Realistic card benchmark: CRT config 49% faster (301ms → 154ms),
screen effect 37% faster (49ms → 31ms). Vertical pass reordered to
y-outer for cache-friendly prefix lookups.

Made-with: Cursor
Use Resvg's RenderedImage.pixels directly instead of encoding to PNG
(asPng) then decoding back via Jimp. Also replace Jimp's per-pixel
scan callback with Buffer.from() for direct memory copy.

Saves ~22ms per render by eliminating redundant PNG codec work.

Made-with: Cursor
Access Jimp bitmap data directly after resize instead of encoding to
PNG then decoding back. Removes one redundant PNG encode/decode cycle.

Made-with: Cursor
Replace per-pixel render() framework with per-block pre-computation
for all three pixelation sampling modes. The dominant mode was the
single largest bottleneck — it computed the same block color for every
pixel, causing avatar processing to take 6+ seconds. Now computes
once per block (~4900 blocks vs ~212K pixels for a typical avatar).

Results: blue_chill+glow 6.5s → 325ms (95% faster), CRT slow mode
1.4s → 463ms (68% faster), total test suite 45% faster.

No shaders import render() anymore — all have been inlined or
refactored to use direct buffer operations.

Made-with: Cursor
Eliminate function call overhead and tuple allocation for bilinear
sampling in the two shaders that call it most heavily per pixel.

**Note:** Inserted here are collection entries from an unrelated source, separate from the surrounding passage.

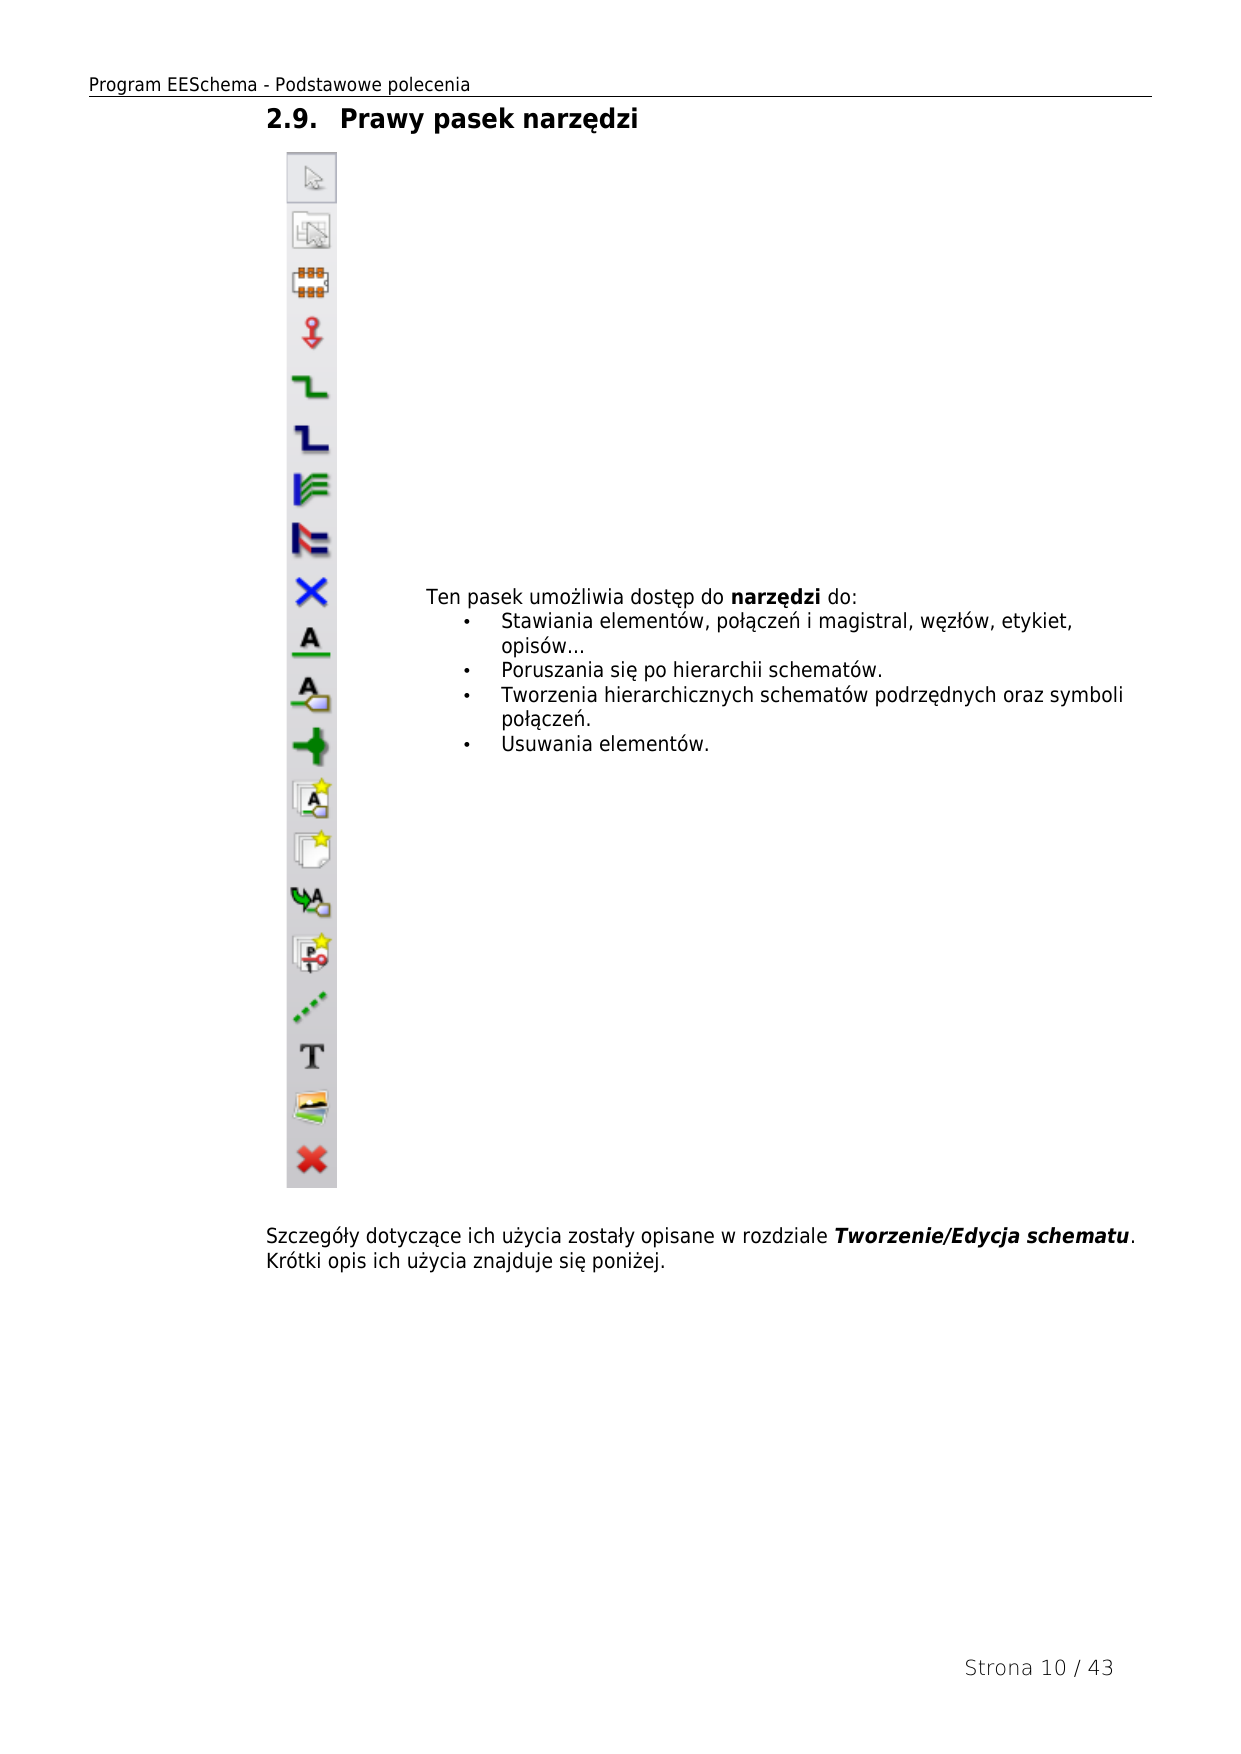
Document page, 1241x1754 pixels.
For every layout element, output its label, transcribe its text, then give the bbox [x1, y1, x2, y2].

text Krótki opis ich użycia znajduje się poniżej. [266, 1249, 1152, 1273]
table_header [269, 141, 408, 1200]
picture [286, 152, 337, 1188]
text Szczegóły dotyczące ich użycia zostały opisane w rozdziale Tworzenie/Edycja schematu. [266, 1224, 1152, 1249]
table_header Ten pasek umożliwia dostęp do narzędzi do: Stawiania elementów, połączeń i magistral, węzłów, etykiet, opisów... Poruszania się po hierarchii schematów. Tworzenia hierarchicznych schematów podrzędnych oraz symboli połączeń. Usuwania elementów. [408, 141, 1135, 1200]
subtitle Prawy pasek narzędzi [266, 103, 1152, 135]
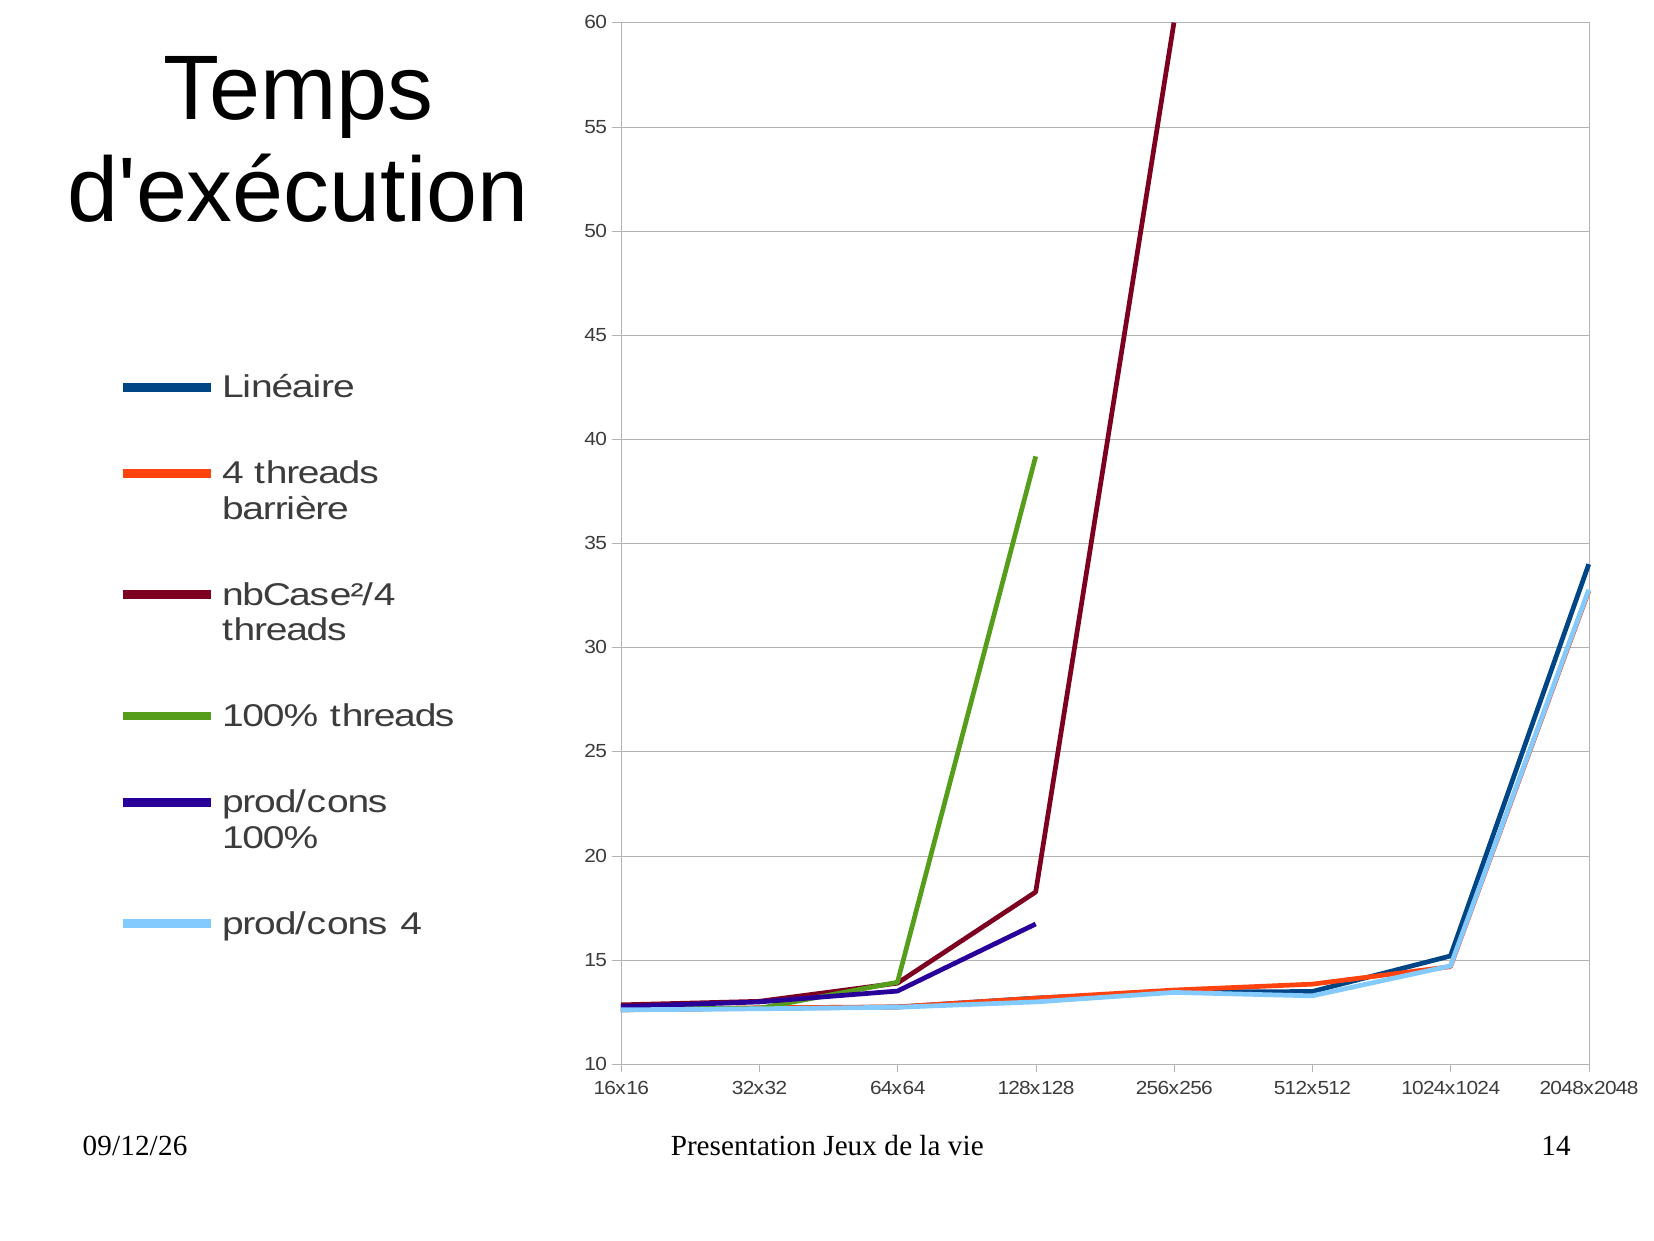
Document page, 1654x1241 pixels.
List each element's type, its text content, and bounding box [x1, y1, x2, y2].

title Temps d'exécution [53, 35, 544, 243]
picture [94, 318, 485, 993]
picture [584, 11, 1642, 1099]

CRT: 11 sampleBilinear calls/pixel (3 RGB channels + 8 bloom) × 527K
pixels = ~5.8M tuple allocations per render. Now zero allocations.
Also hoist per-row invariants (cy², rowBase) out of the inner loop.

Curve: 1 sampleBilinear call/pixel × 527K pixels. Inline eliminates
527K tuple allocations. Hoist ccY², oneMinusUvY per row.

Benchmarks (median, 10 runs):
  CRT  (1226×430): 89.9ms → 41.4ms (54% faster)
  CRT  (900×594):  99.1ms → 45.6ms (54% faster)
  Curve(1226×430): 21.3ms → 14.7ms (31% faster)

All 46 snapshot tests pass with zero pixel differences.

Made-with: Cursor
Jimp's PNG encoder (pure JavaScript) was the biggest non-shader
bottleneck: 23.7ms per final render. Replace with a minimal PNG
encoder that writes the PNG structure directly and delegates
compression to Node.js native zlib.deflateSync.

The encoder supports RGBA 8-bit color (the only format pixel-profile
uses), generating valid PNG files with IHDR + IDAT + IEND chunks.

Also converts getPngBufferFromPixels and getBase64FromPixels from
async (Jimp callback) to synchronous (direct encode), eliminating
Promise overhead for these hot-path operations.

Benchmarks (median, 10 runs):
  Avatar base64 (200×200): 3.2ms → 0.3ms (91% faster)
  Final PNG   (1226×430):  23.7ms → 3.1ms (87% faster)
  CRT PNG      (900×594):  ~23ms → 3.0ms  (87% faster)

Test suite: 8.29s → 6.87s (17% faster overall).
All 46 snapshot tests pass with zero pixel differences.

Made-with: Cursor
… shader

Math.sqrt uses hardware instructions while Math.pow is a complex software
function. Since pow(x, 0.25) = sqrt(sqrt(x)), this substitution is
mathematically identical but significantly faster.

curve shader: 16.4ms → 6.4ms (61% faster)
Screen pipeline: 42.5ms → 32.8ms (23% faster)

Made-with: Cursor
…in bilinear samples

In CRT and curve shaders, bilinear sample coordinates are already
clamped to [0, maxX/maxY] before floor+clamp operations. Since
coords are non-negative, Math.floor(x) === (x | 0), and the outer
Math.min/Math.max are redundant. Removing them eliminates ~6 function
calls per bilinear sample across 11+ samples per pixel in CRT.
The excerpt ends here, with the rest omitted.